Each compute tray includes 4 OSFP slots and 2 QSFP slots. The network port layout on the compute tray’s front panel is shown below:

1. The 2 QSFP slots, supported by Bluefield-3 DPU, provide 400G/800G ports for high-performance TCP/storage network interconnectivity, forming the front-end network proposed by NV.

b. The 4 OSFP slots, with CX7/CX8 800G/1.6TB ports, support the GB200’s external expansion using RDMA network communication, constituting the back-end network proposed by NV.

Due to design architecture, transmission costs, and chip capabilities, NV currently provides a pure NVLink networking solution for a maximum of 576 GPUs, equivalent to 8 GB200 NVL72 units. For further expansion of AI training/inference clusters, RDMA networks are required. NVLink 5.0 achieves a 100GB/s bandwidth per GPU, with 18 connections per GPU, totaling 1.8TB/s bandwidth. RDMA’s current fastest single port rate is 200GB/s (1.6Tbps), which does not match NVLink’s speed.

Power Configuration

Overall Rated Power Consumption: The system has an overall rated power consumption of 120KW. It is configured as 2N with 4+4 (or 4+2) power shelves, each supporting 33KW. Each power shelf can accommodate six 5.5KW PSU units, providing 5+1 redundancy.
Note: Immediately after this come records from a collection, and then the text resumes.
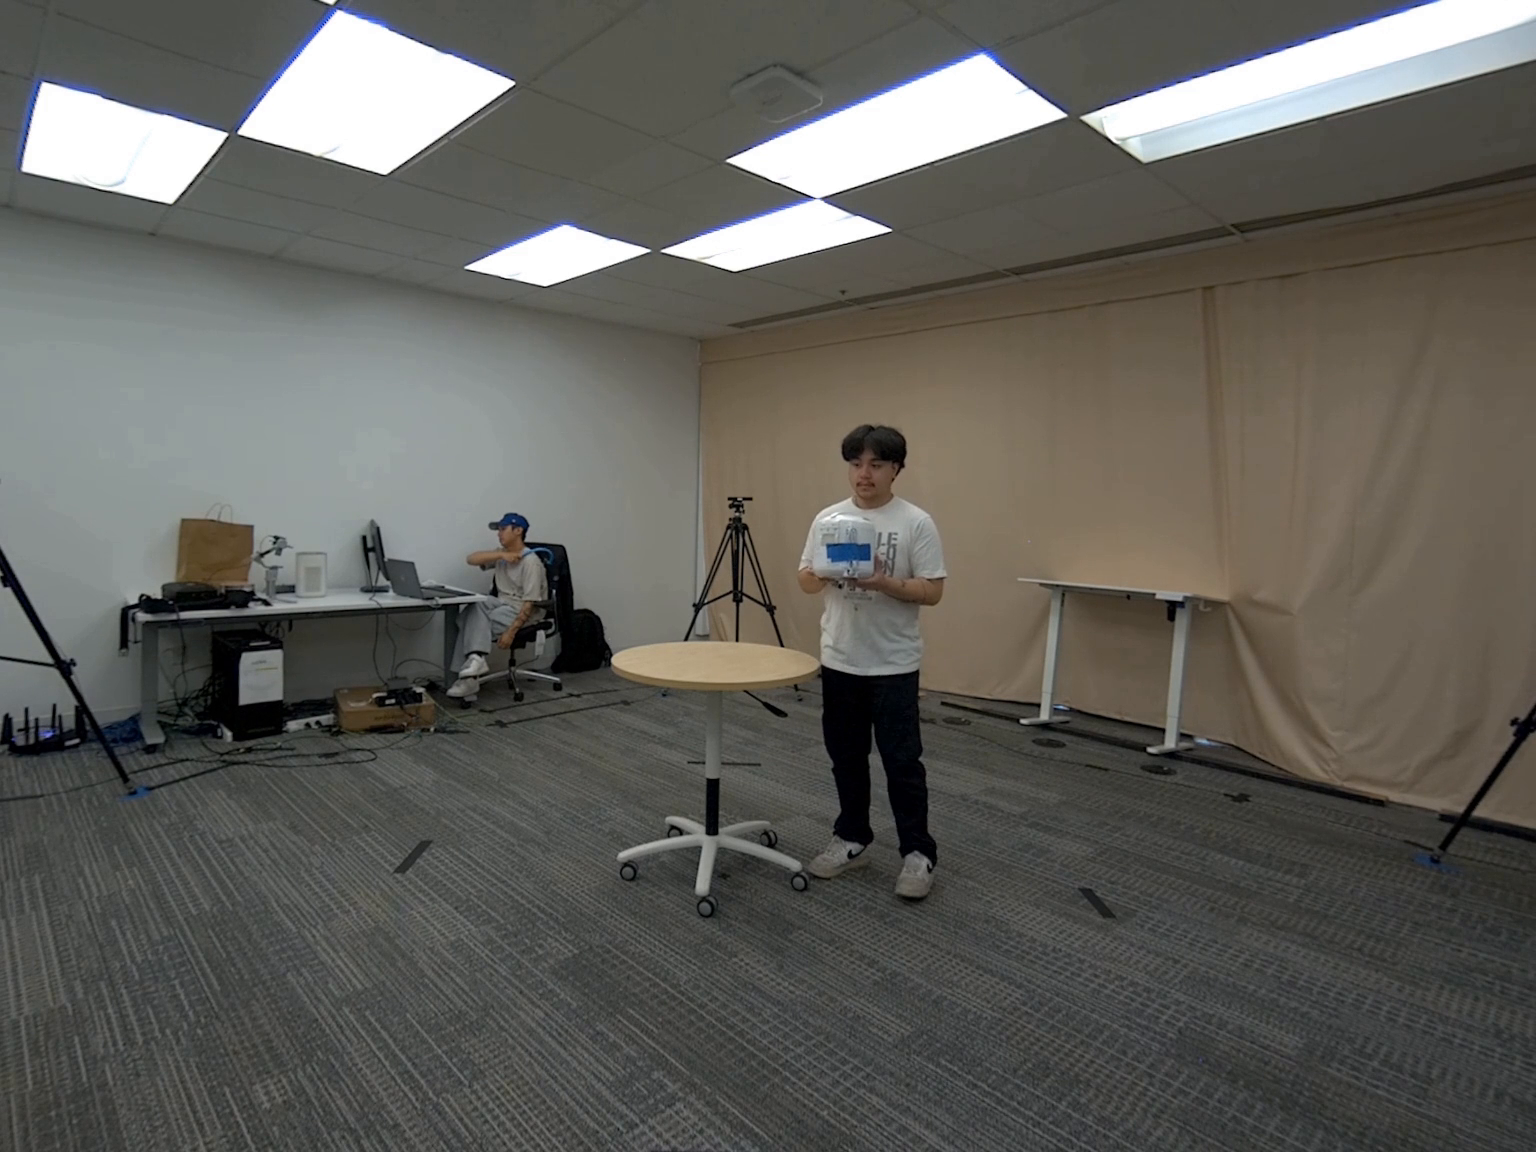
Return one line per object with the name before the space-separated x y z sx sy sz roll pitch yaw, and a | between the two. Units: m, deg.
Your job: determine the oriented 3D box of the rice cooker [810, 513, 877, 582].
rice cooker | 0.247 -0.103 2.862 0.222 0.234 0.215 0 -6 36
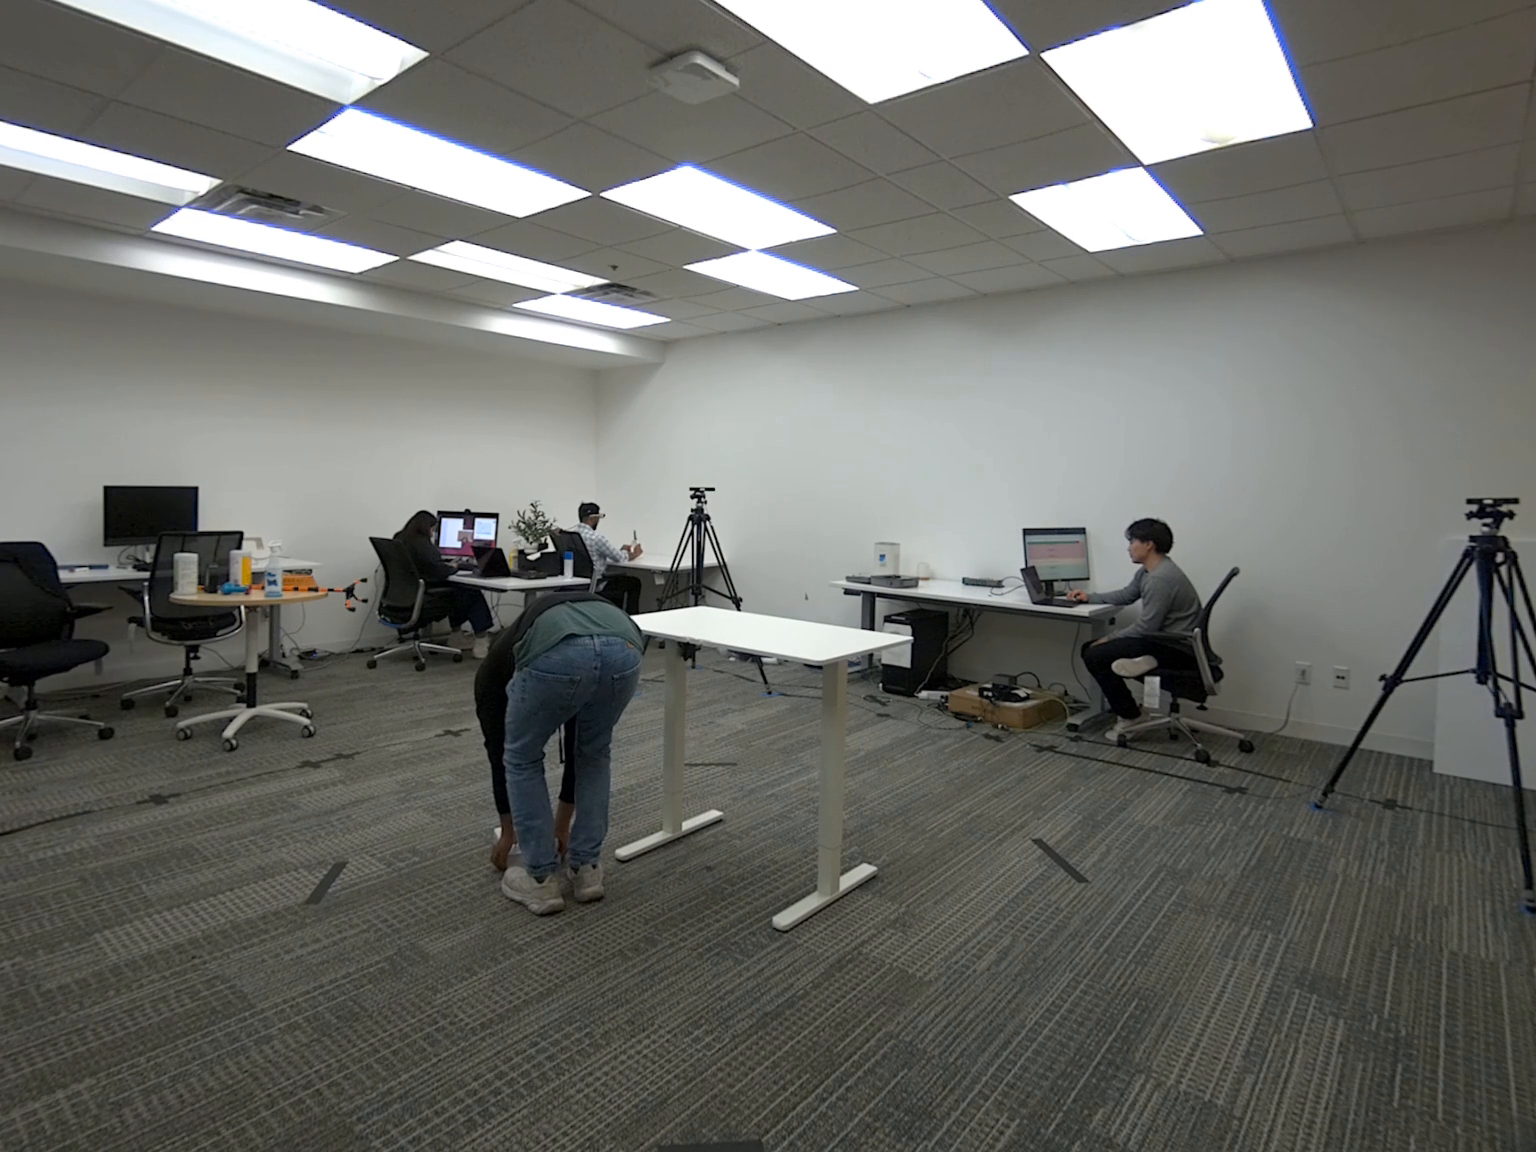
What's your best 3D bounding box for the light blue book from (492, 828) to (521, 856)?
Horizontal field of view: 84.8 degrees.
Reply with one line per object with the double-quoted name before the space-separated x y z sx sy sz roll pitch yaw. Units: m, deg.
"light blue book" -0.937 1.017 3.202 0.187 0.059 0.268 0 6 -25

Power Shelf Specifications: The power shelves utilize OCP’s ORv3 HPR power shelf, boasting over 97.5% power efficiency, thus reducing power losses during the AC-DC conversion process. Additionally, it uses 48V/50V low-voltage DC output for each slot, which offers lower power transmission losses compared to the traditional 12V output.

Rack Input Power Standard: The rack input power conforms to OCP’s ORv3 HPR standard, with an AC input of 415V. Each slot is directly connected to the rack’s busbar via hard connections.

AC Input Configuration: On the AC input side, the system uses ORv3-defined 7-pin connectors. The diagram below shows two different connector standards (left for North America, right for Europe). Based on the power shelf’s 33KW support, each input likely adheres to a 125A breaker standard.

Upstream AC Input Connections: The upstream end of the AC input uses standard industrial connectors, compliant with IEC 60309-2 standards and rated IP67. These mobile industrial plugs support a 125A breaker. Depending on the phase voltage, you can choose between 3-pin 125A or 5-pin 125A configurations.